▶ _Your assignment_:
Once you find the line containing "Answer yes or no. Yes. Is Violet the high", please retype it and every line after it to the end of the entries, exactly and with nothing added.

▶ _Input material_:
————

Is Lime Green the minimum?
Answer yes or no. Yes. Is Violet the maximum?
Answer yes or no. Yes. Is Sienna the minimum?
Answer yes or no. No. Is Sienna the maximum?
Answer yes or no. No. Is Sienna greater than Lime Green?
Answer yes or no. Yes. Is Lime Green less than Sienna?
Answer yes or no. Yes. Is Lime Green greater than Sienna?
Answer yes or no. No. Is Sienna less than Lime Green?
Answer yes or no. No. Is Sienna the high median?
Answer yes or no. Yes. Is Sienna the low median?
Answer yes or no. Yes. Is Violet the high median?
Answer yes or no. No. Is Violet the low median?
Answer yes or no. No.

————

▶ _Output_:
Answer yes or no. Yes. Is Violet the high median?
Answer yes or no. No. Is Violet the low median?
Answer yes or no. No.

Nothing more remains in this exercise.